Fetch your own personal data file XXXXXY.mat (Topic #2) via http://www.cis.hut.fi/Opinnot/T-61.2010/Harjoitustyo/.

The data file is based on the classical Iris data that contains 150 samples of three classes (species in the lily family). The dimension of the data is four: the feature vectors consist of measurements of:

'Sepal length'
'Sepal width'
'Petal length'
'Petal width'

see e.g. http://en.wikipedia.org/wiki/Sepal. These four measurements of each individual plant result in a data matrix of size (N x 4).

The measuruments originate from measuring individuals of three species in the lily family: 'Setosa', 'Versicolor' ja 'Virginica'.

For this assignment the data has been partitioned into two. In the training part sTrainD thera are 60 samples and in the to-be-classified testing part sTestD approximately 30-60 samples. The data has been partitioned so that the first 20 samples in the training data belong to class 'Setosa', the next 20 to the class 'Versicolor', and the last 20 to 'Virginica'. In the test set the classes (species) are mixed. In practice the data set of each student is slightly different.

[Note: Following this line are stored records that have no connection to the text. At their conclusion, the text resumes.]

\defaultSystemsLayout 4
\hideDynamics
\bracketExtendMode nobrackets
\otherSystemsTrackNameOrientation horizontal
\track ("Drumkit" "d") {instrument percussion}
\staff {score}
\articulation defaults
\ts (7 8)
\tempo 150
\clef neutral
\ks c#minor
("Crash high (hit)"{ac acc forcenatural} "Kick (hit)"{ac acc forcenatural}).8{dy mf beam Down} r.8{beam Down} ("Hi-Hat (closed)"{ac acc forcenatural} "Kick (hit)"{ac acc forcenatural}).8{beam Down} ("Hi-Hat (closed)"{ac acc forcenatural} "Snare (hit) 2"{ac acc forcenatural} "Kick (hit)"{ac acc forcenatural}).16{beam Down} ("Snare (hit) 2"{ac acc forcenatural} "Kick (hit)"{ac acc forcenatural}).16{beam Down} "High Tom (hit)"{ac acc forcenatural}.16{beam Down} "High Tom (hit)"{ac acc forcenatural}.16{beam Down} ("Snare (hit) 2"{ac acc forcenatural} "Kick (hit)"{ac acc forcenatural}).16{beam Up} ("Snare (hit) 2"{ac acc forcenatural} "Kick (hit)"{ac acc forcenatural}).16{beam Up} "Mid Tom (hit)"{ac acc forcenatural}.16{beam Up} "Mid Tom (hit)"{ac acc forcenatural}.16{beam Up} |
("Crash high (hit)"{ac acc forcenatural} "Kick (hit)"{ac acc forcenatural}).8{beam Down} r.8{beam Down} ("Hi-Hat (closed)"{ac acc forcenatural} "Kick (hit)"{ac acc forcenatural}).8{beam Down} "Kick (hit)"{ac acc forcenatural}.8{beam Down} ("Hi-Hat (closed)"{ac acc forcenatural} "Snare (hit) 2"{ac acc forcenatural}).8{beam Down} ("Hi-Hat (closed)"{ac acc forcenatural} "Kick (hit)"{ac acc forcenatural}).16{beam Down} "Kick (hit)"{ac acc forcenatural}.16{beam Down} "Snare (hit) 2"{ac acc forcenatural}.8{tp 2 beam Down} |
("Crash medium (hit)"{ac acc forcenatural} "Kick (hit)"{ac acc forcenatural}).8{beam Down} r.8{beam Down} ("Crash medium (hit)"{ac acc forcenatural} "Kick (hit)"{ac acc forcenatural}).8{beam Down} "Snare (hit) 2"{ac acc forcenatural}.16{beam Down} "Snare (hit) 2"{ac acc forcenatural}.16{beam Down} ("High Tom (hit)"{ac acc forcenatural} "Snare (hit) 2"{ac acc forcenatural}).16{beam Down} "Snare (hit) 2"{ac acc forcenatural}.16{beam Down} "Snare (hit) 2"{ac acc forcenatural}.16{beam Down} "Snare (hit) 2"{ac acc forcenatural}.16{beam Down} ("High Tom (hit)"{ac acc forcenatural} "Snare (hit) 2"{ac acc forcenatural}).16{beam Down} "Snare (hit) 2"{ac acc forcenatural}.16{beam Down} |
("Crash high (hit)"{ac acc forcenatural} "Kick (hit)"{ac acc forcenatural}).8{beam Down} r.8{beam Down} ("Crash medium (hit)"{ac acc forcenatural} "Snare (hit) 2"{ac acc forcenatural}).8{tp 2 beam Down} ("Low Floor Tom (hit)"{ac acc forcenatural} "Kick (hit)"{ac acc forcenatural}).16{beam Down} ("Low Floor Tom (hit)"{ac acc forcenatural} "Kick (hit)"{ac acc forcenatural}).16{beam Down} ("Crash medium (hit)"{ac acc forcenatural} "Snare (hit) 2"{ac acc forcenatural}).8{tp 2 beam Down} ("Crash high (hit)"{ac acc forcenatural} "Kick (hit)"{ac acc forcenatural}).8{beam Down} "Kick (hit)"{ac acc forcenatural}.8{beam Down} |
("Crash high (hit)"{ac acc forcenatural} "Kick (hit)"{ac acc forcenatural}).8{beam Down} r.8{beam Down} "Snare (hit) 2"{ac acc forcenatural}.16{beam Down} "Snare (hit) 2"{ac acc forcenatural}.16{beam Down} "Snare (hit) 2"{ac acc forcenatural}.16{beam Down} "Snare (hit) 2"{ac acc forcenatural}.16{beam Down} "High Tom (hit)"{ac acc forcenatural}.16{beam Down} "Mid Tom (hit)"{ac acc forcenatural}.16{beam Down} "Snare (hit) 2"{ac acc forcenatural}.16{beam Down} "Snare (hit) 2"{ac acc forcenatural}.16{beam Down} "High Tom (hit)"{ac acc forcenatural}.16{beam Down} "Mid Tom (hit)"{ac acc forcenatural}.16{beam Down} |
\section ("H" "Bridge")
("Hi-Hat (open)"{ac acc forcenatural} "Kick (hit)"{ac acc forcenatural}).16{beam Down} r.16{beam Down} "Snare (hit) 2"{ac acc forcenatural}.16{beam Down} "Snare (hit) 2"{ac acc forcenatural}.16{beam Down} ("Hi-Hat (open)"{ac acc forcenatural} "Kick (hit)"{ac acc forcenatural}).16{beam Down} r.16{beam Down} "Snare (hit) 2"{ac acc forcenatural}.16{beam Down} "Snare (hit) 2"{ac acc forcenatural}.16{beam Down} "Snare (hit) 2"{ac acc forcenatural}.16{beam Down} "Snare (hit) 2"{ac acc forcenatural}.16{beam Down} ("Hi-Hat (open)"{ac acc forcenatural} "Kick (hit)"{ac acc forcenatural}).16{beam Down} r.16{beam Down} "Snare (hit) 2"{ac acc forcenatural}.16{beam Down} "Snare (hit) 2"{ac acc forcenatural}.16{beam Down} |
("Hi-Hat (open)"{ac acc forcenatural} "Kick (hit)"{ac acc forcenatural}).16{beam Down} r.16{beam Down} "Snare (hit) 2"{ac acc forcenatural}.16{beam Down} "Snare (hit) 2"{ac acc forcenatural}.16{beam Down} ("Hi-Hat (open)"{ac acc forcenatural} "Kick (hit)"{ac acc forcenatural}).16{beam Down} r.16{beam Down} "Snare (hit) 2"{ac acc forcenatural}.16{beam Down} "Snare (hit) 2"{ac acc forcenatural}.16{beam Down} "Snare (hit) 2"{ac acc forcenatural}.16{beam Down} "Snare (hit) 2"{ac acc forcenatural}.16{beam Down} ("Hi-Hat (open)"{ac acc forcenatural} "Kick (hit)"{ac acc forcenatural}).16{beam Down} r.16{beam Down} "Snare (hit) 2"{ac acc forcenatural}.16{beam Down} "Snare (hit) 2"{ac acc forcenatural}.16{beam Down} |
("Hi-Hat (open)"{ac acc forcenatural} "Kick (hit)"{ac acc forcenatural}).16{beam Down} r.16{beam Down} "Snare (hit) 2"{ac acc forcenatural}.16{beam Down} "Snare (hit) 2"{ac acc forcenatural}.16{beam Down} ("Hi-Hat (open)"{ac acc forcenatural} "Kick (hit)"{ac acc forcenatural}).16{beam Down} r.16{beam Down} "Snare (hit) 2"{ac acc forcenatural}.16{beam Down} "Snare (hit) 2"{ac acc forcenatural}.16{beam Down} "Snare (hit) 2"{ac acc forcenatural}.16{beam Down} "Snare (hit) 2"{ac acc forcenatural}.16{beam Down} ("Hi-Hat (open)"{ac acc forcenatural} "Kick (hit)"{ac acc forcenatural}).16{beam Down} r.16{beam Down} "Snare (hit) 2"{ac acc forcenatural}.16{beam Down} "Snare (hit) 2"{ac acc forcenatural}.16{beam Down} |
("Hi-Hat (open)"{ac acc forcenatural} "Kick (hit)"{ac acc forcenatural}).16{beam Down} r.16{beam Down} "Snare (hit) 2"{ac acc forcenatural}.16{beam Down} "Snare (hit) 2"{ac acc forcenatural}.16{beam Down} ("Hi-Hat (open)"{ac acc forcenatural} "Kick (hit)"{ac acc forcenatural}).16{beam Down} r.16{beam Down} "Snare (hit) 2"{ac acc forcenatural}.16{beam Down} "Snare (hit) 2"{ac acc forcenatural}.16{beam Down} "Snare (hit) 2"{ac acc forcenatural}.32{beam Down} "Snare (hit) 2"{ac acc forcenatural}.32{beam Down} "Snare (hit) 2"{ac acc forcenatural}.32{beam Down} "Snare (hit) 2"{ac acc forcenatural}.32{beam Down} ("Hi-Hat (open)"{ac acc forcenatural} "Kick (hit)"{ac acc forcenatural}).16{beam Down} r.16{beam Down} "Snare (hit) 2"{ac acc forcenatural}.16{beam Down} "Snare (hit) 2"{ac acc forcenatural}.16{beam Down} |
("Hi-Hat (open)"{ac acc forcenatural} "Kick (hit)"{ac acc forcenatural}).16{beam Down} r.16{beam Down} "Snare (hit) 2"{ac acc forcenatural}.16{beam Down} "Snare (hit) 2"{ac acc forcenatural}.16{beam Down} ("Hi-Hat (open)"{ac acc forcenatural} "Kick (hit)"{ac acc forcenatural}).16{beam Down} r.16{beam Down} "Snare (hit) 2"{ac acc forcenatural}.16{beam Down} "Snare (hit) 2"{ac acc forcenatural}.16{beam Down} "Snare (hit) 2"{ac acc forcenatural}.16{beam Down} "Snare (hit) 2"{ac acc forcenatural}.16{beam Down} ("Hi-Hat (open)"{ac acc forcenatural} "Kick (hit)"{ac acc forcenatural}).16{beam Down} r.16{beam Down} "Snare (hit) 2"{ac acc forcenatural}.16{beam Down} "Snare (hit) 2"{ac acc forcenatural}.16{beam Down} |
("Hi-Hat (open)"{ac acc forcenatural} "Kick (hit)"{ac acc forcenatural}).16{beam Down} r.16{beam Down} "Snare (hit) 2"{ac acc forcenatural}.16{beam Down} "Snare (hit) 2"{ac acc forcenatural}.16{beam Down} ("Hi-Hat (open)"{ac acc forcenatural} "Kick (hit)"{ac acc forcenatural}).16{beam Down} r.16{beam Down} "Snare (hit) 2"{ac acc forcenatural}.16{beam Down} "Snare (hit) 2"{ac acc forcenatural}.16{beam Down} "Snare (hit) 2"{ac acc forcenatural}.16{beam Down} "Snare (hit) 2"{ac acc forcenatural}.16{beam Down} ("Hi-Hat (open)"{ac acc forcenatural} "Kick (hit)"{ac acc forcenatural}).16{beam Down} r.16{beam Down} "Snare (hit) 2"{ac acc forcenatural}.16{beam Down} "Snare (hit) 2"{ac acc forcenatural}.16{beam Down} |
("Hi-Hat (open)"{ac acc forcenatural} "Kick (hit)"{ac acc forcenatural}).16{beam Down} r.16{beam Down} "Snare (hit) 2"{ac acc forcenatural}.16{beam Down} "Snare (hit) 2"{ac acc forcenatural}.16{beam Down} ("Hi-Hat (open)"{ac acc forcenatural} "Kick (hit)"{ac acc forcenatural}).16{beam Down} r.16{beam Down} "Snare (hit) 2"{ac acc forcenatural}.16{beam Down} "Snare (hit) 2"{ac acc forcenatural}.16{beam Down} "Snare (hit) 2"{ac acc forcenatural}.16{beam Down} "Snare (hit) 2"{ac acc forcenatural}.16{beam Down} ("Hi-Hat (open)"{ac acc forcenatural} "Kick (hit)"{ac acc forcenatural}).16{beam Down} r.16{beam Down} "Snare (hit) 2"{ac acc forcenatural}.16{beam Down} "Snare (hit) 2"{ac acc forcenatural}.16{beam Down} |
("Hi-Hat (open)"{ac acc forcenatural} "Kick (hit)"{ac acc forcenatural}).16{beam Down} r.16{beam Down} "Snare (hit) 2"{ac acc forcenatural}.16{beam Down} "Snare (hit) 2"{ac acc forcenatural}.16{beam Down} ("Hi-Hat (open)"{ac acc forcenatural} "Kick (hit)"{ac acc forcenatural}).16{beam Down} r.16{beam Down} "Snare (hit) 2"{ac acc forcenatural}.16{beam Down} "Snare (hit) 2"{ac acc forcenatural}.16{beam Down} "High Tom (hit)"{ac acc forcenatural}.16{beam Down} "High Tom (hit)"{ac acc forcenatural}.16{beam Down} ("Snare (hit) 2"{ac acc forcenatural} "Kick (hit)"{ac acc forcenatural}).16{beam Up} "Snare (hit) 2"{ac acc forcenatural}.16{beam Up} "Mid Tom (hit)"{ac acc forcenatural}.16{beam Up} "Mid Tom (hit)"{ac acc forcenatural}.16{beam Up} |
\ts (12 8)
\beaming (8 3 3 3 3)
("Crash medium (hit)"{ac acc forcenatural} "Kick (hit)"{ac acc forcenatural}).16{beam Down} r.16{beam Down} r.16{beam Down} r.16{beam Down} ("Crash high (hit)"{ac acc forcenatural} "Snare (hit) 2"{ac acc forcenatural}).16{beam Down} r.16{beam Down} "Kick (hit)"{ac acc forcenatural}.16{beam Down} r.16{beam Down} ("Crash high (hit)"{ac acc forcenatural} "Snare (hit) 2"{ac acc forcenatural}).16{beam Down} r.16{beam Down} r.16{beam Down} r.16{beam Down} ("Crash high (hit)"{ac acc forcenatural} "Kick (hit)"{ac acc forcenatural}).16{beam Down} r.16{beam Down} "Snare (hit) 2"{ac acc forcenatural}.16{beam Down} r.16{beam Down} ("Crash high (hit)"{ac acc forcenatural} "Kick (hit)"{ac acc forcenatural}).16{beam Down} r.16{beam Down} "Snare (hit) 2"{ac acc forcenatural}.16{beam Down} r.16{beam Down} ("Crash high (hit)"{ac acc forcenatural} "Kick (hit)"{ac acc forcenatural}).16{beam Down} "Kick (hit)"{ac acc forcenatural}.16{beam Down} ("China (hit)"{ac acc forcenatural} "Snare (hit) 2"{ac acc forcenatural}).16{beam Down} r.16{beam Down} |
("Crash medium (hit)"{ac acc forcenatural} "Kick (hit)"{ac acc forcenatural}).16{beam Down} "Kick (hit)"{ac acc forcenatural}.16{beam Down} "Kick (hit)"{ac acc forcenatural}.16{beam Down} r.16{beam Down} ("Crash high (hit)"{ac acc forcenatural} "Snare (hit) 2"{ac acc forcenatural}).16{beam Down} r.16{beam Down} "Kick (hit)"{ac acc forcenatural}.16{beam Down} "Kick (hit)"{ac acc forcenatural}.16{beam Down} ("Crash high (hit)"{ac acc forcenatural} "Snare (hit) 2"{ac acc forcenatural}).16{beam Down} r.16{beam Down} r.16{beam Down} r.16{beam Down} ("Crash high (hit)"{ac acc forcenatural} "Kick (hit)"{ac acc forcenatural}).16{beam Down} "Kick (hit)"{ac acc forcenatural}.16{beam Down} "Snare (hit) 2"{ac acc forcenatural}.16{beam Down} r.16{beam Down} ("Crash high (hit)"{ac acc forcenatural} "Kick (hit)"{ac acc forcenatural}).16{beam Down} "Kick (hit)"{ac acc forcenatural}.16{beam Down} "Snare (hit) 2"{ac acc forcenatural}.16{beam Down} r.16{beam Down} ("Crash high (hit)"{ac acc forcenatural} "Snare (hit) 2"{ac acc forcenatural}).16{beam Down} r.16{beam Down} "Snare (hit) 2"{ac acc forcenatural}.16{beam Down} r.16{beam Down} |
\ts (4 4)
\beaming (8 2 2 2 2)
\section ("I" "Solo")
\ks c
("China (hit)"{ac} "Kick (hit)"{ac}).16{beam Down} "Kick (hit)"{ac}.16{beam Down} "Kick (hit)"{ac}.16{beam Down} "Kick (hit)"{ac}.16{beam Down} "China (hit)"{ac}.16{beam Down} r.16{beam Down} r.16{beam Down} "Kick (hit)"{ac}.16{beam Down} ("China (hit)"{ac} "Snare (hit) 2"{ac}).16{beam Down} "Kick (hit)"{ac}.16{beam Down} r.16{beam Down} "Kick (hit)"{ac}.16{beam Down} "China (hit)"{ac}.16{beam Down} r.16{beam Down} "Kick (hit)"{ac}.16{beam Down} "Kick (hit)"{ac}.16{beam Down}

Both the variables are Matlab structs. The components of the structs can be accessed as follows. : sTrainD includes two variables (as also sTestD), sTrainD.data contains the data set (60x4) and sTrainD.label contains a cell array (60x1) with the true class labels for each sample. For instance, sTrainD.data(25,3) is the 3rd variable of the 25th plant. The true class of the plant ('Versicolor') is accessed via sTrainD.label{25}, note the curly braces!

An example run

(1) Examining the data matrix in Matlab

Fetch the personalised data file XXXXXY.mat (Topic #2) via http://www.cis.hut.fi/Opinnot/T-61.2010/Harjoitustyo/. (NOTE! Mail Ville.Viitaniemi () tkk.fi if you can not find data file with your student number.)

Read the file into Matlab workspace with command load. This results in two variables sTrainD and sTestD in the workspace.

You may familiarise yourself with the data by typing sTrainD in Matlab and pressing "enter". Next sTrainD.data and "enter". Ja yet sTrainD.label and "enter", and analogously for sTestD.

All the valueas of the first variable (sepal length) are given by sTrainD.data(:,1); The petal widths of all 'Versicolor' plants are given by sTrainD.data(21:40,4) as the 'Versicolor' plants reside in samples 21..40. plot can be used to visualise the data. Histogram of the data, an estimate of the distribution of the numbers, can be generated through the command hist. A separate example can be accessed through this link.

(2) Distance

Here we calculate the Euclidean distance from each sample to be classified to every sample in the trainig set, (60 x M) distances alltogether. For example, the square of the distance between 4D-points [5.1000 3.5000 1.4000 0.2000] and [5.5000 2.4000 3.7000 1.0000] is E = (5.1-5.5)^2 + (3.5-2.4)^2 + (1.4-3.7)^2 + (0.2-1.0)^2 = 7.3 (in the following we look for smallest distances, we thus do not have to take square root as square root preserves the relative ranking of the distances).

(3) K-nearest neighbour

Some value is chosen for K and the test samples are classified. For parts (3) and (4) the previously mentioned function myKnnClass.m.

(4) Classification error

The classification error is computed. An example:

K=1. Error: 3.3333%

(5) Another value of K

Another value is chosen for KAnd th eexperiments are repeated. Esimerkiksi:

K=5. Error: 5%

(6) Discussion

Consider and discuss the following in your document:

Howdo the three species 'Setosa', 'Versicolor' ja 'Virginica' separate from each other?
Which of the variables ('Sepal length', 'Sepal width', 'Petal length', 'Petal width') separated the species?
What kind of classification errors were obtained with different values of K? How does varying K affect the result and the computation in general?
What could be an alternative way to perform the classification? What would be the easiest way (of course with as small error as possible)?
Additionally imagine a data set with one variable varying between 20 200 meters (e.g. uniformly) and another varying between 0.35 mm and 0.94 mm:. What kind of problems could arise (e.g. when calculating the distances between the points)? How could this situation be helped?

In the end of the document, please write feedback on completing the assignment and estimate the time you used. Remember to mention if you co-operate with someone else!